- **Work to complete**
Nothing but the lines holding the string "protection" should appear in the answer. Copy them from the entries.

- **Provided data**
##########

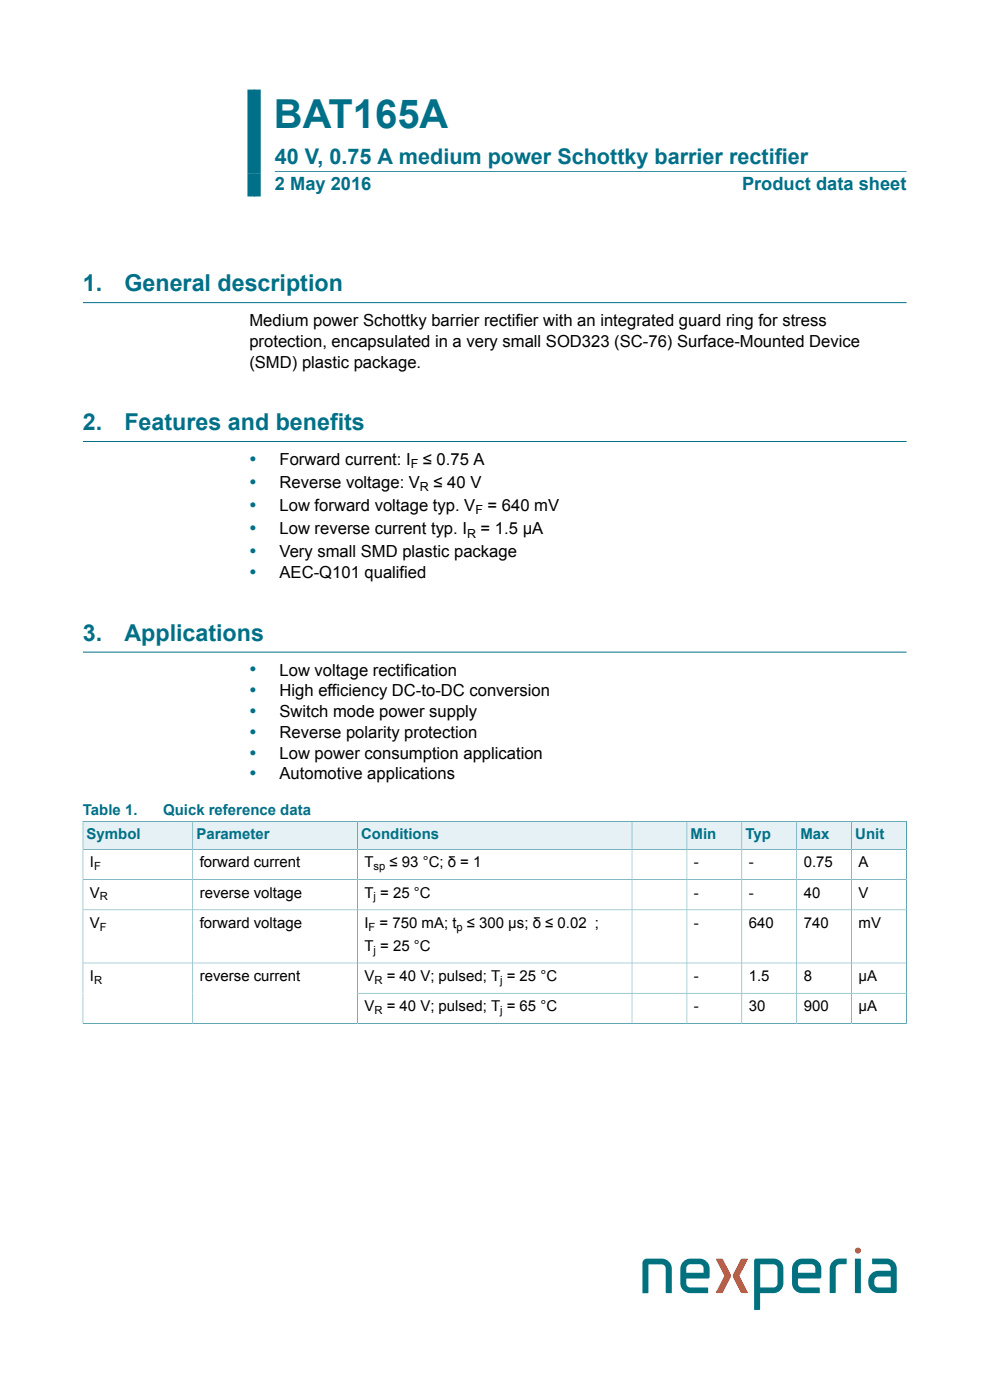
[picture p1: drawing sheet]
<svg xmlns="http://www.w3.org/2000/svg" width="210mm" height="297mm" viewBox="0 0 210 297" stroke-linecap="round" stroke-linejoin="round" font-family="sans-serif">
<defs><g id="words">
<text font-size="8.5" fill="#007088" x="58.1" y="27.2">BAT165A</text>
<g font-size="4.9" fill="#007088">
<text x="17.6" y="61.8">1.</text>
<text x="26.4" y="61.8">General description</text>
<text x="17.6" y="91.2">2.</text>
<text x="26.4" y="91.2">Features and benefits</text>
<text x="17.6" y="135.9">3.</text>
<text x="26.4" y="135.9">Applications</text>
</g>
<text font-size="4.6" fill="#007088" x="58.3" y="34.8">40 V, 0.75 A medium power Schottky barrier rectifier</text>
<g font-size="4.2" fill="#007088">
<text x="52.9" y="98.8">•</text>
<text x="52.9" y="103.7">•</text>
<text x="52.9" y="108.6">•</text>
<text x="52.9" y="113.5">•</text>
<text x="52.9" y="118.4">•</text>
<text x="52.9" y="122.9">•</text>
<text x="52.9" y="143.5">•</text>
<text x="52.9" y="147.9">•</text>
<text x="52.9" y="152.3">•</text>
<text x="52.9" y="156.7">•</text>
<text x="52.9" y="161.1">•</text>
<text x="52.9" y="165.5">•</text>
</g>
<g font-size="3.9" fill="#007088">
<text x="58.3" y="40.2">2 May 2016</text>
<text x="157.4" y="40.2">Product data sheet</text>
</g>
<g font-size="3.5">
<text x="52.9" y="69.2">Medium power Schottky barrier rectifier with an integrated guard ring for stress</text>
<text x="52.9" y="73.6">protection, encapsulated in a very small SOD323 (SC-76) Surface-Mounted Device</text>
<text x="52.9" y="78">(SMD) plastic package.</text>
<text x="59.3" y="98.6">Forward current: I</text>
<text x="89.7" y="98.6">≤ 0.75 A</text>
<text x="59.3" y="103.5">Reverse voltage: V</text>
<text x="92" y="103.5">≤ 40 V</text>
<text x="59.3" y="108.4">Low forward voltage typ. V</text>
<text x="59.3" y="113.4">Low reverse current typ. I</text>
<text x="102" y="113.4">= 1.5 µA</text>
<text x="103.4" y="108.4">= 640 mV</text>
<text x="59.3" y="118.3">Very small SMD plastic package</text>
<text x="59.3" y="122.7">AEC-Q101 qualified</text>
<text x="59.3" y="143.3">Low voltage rectification</text>
<text x="59.3" y="147.7">High efficiency DC-to-DC conversion</text>
<text x="59.3" y="152.1">Switch mode power supply</text>
<text x="59.3" y="156.5">Reverse polarity protection</text>
<text x="59.3" y="161">Low power consumption application</text>
<text x="59.3" y="165.4">Automotive applications</text>
</g>
<g font-size="3.2" fill="#007088">
<text x="17.6" y="172.9">Table 1.</text>
<text x="34.6" y="172.9">Quick reference data</text>
<text x="18.4" y="178">Symbol</text>
<text x="41.7" y="178">Parameter</text>
<text x="76.6" y="178">Conditions</text>
<text x="146.5" y="178">Min</text>
<text x="158.1" y="178">Typ</text>
<text x="169.8" y="178">Max</text>
<text x="181.4" y="178">Unit</text>
</g>
<g font-size="3.2">
<text x="19.1" y="184">I</text>
<text x="42.4" y="184">forward current</text>
<text x="77.3" y="184">T</text>
<text x="82.6" y="184">≤ 93 °C; δ = 1</text>
<text x="147.2" y="184">-</text>
<text x="158.8" y="184">-</text>
<text x="170.5" y="184">0.75</text>
<text x="182.1" y="184">A</text>
<text x="19.1" y="190.4">V</text>
<text x="42.4" y="190.4">reverse voltage</text>
<text x="77.3" y="190.4">T = 25 °C</text>
<text x="147.2" y="190.4">-</text>
<text x="158.8" y="190.4">-</text>
<text x="170.5" y="190.4">40</text>
<text x="182.1" y="190.4">V</text>
<text x="19.1" y="196.8">V</text>
<text x="42.4" y="196.8">forward voltage</text>
<text x="77.3" y="196.8">I</text>
<text x="80.5" y="196.8">= 750 mA; t ≤ 300 µs; δ ≤ 0.02 ;</text>
<text x="147.2" y="196.8">-</text>
<text x="158.8" y="196.8">640</text>
<text x="170.5" y="196.8">740</text>
<text x="182.1" y="196.8">mV</text>
<text x="77.3" y="201.7">T = 25 °C</text>
<text x="19.1" y="208.1">I</text>
<text x="42.4" y="208.1">reverse current</text>
<text x="77.3" y="208.1">V</text>
<text x="82" y="208.1">= 40 V; pulsed; T = 25 °C</text>
<text x="147.2" y="208.1">-</text>
<text x="158.8" y="208.1">1.5</text>
<text x="170.5" y="208.1">8</text>
<text x="182.1" y="208.1">µA</text>
<text x="77.3" y="214.5">V</text>
<text x="82" y="214.5">= 40 V; pulsed; T = 65 °C</text>
<text x="147.2" y="214.5">-</text>
<text x="158.8" y="214.5">30</text>
<text x="170.5" y="214.5">900</text>
<text x="182.1" y="214.5">µA</text>
</g>
<g font-size="2.6">
<text x="87.1" y="99.3">F</text>
<text x="89.1" y="104.2">R</text>
<text x="100.8" y="109.1">F</text>
<text x="99.1" y="114">R</text>
</g>
<g font-size="2.4">
<text x="20" y="184.6">F</text>
<text x="79.3" y="184.6">sp</text>
<text x="21.2" y="191">R</text>
<text x="79.3" y="191">j</text>
<text x="21.2" y="197.4">F</text>
<text x="78.2" y="197.4">F</text>
<text x="96.8" y="197.4">p</text>
<text x="79.3" y="202.3">j</text>
<text x="20" y="208.7">R</text>
<text x="79.4" y="208.7">R</text>
<text x="106.1" y="208.7">j</text>
<text x="79.4" y="215.1">R</text>
<text x="106.1" y="215.1">j</text>
</g>
</g></defs>
<path d="M53.9 19v22.7" fill="none" stroke="#007088" stroke-width="2.8" stroke-linecap="butt"/>
<path d="M58.3 36.3h134M17.6 64.2h174.7M17.6 93.7h174.7M17.6 138.3h174.7" fill="none" stroke="#007088" stroke-width=".21"/>
<path d="M17.7 174.3h23.1v5.8h-23.1z" fill="#e5f1f4"/>
<path d="M17.6 174.2v6h23.3v-6h-23.4" fill="none" stroke="#007088" stroke-width=".21"/>
<path d="M41 174.3h34.8v5.8h-34.8z" fill="#e5f1f4"/>
<path d="M40.9 174.2h34.9v6h-34.9z" fill="none" stroke="#007088" stroke-width=".21"/>
<path d="M75.9 174.3h58.1v5.8h-58.1z" fill="#e5f1f4"/>
<path d="M75.8 174.2h58.3v6h-58.3z" fill="none" stroke="#007088" stroke-width=".21"/>
<path d="M134.1 174.3h11.5v5.8h-11.5z" fill="#e5f1f4"/>
<path d="M134.1 174.2h11.6v6h-11.6z" fill="none" stroke="#007088" stroke-width=".21"/>
<path d="M145.8 174.3h11.5v5.8h-11.5z" fill="#e5f1f4"/>
<path d="M145.7 174.2h11.7v6h-11.7z" fill="none" stroke="#007088" stroke-width=".21"/>
<path d="M157.4 174.3h11.5v5.8h-11.5z" fill="#e5f1f4"/>
<path d="M157.4 174.2h11.6v6h-11.6z" fill="none" stroke="#007088" stroke-width=".21"/>
<path d="M169.1 174.3h11.5v5.8h-11.5z" fill="#e5f1f4"/>
<path d="M169 174.2h11.7v6h-11.7z" fill="none" stroke="#007088" stroke-width=".21"/>
<path d="M180.7 174.3h11.5v5.8h-11.5z" fill="#e5f1f4"/>
<g fill="none" stroke="#007088" stroke-width=".21">
<path d="M192.3 174.2v43M192.4 174.2h-11.7v42.9M17.6 186.6h174.7M17.6 193h174.7M40.9 180.2v36.9M75.8 180.2v36.9M134.1 180.2v36.9M145.7 180.2v36.9M157.4 180.2v36.9M169 180.2v36.9M192.3 180.2h-174.7v37M17.6 204.3h174.7"/>
<path d="M75.8 210.7h116.5M192.4 217.1h-174.9"/>
</g>
<g fill="#00717d">
<path d="M136.6 267.3l.6-.3h3.2a2.13 2.13 0 0 1 2.1 2.1v5.2h-1.1l-.2-.1v-5.1a.87 .87 0 0 0-.8-.9h-2.9v6l-.1 .1h-1.1v-6.3z"/>
<path d="M176.6 267.6a3.2 3.2 0 0 1 3-.6l-.1 1.1-1.4 .1a.87 .87 0 0 0-.8 .9v5l-.2 .2h-1.1v-5.2l.1-.5z"/>
<path d="M181.3 267h1.1l.2 .2v7.1h-1.1l-.2-.1z"/>
<path d="M160 267.2v10.7h1.1l.1-.2v-3.4h2.8a2.13 2.13 0 0 0 2.2-2.1v-3.1a2.09 2.09 0 0 0-2.1-2.1h-3.7zM161.3 268.2h2.8a.87 .87 0 0 1 .8 .9v3.2a.87 .87 0 0 1-.8 .8h-2.8z"/>
<path d="M185 267v1l.2 .2h2.9a1 1 0 0 1 .8 1.4h-2.6a2.37 2.37 0 0 0-2.1 2.4 2.37 2.37 0 0 0 2.1 2.3h3.4l.5-.2v-5a2.13 2.13 0 0 0-2.1-2.1zM185.7 271.1l.6-.3h2.6v2.3h-2.6a1.21 1.21 0 0 1-.9-.8 1.21 1.21 0 0 1 .3-1.2z"/>
</g>
<circle cx="182" cy="265.3" r=".64" fill="#f05128"/>
<g fill="#00717d">
<path d="M145.8 268.4l.6-.2h2a.87 .87 0 0 1 .8 .9v.9h-3.6v-.9zM144.9 267.6a2.31 2.31 0 0 0-.6 1.9v2.4a2.13 2.13 0 0 0 2.1 2.4h3.8v-1l-.1-.2h-3.7a.87 .87 0 0 1-.8-.8v-1.1h4.8a3.7 3.7 0 0 0 .1-2.6 2.13 2.13 0 0 0-2.1-1.6 3.7 3.7 0 0 0-3.5 .6z"/>
<path d="M169.5 268.4l.6-.2h2a.87 .87 0 0 1 .8 .9v.9h-3.6v-.9zM168.6 267.6a2.31 2.31 0 0 0-.6 1.9v2.4a2.15 2.15 0 0 0 2.1 2.4h3.8v-1l-.2-.2h-3.6a.87 .87 0 0 1-.8-.8v-1.1h4.8a3.7 3.7 0 0 0 0-2.6 2.13 2.13 0 0 0-2-1.6 3.7 3.7 0 0 0-3.5 .6z"/>
</g>
<g fill="#f05128">
<path d="M151.9 267.1l1.1-.1 .3 .2 1.5 2.8a1.04 1.04 0 0 1 0 1.4l-1.4 2.8-.4 .1h-1.1l1.8-3.6z"/>
<path d="M157.1 267.2l.4-.2 1.1 .1-1.8 3.6 1.8 3.6h-1.1l-.4-.1-1.4-2.8a1.04 1.04 0 0 1 0-1.4z"/>
</g>
<use href="#words"/>
</svg>

##########

- **Exercise result**
<text x="52.9" y="73.6">protection, encapsulated in a very small SOD323 (SC-76) Surface-Mounted Device</text>
<text x="59.3" y="156.5">Reverse polarity protection</text>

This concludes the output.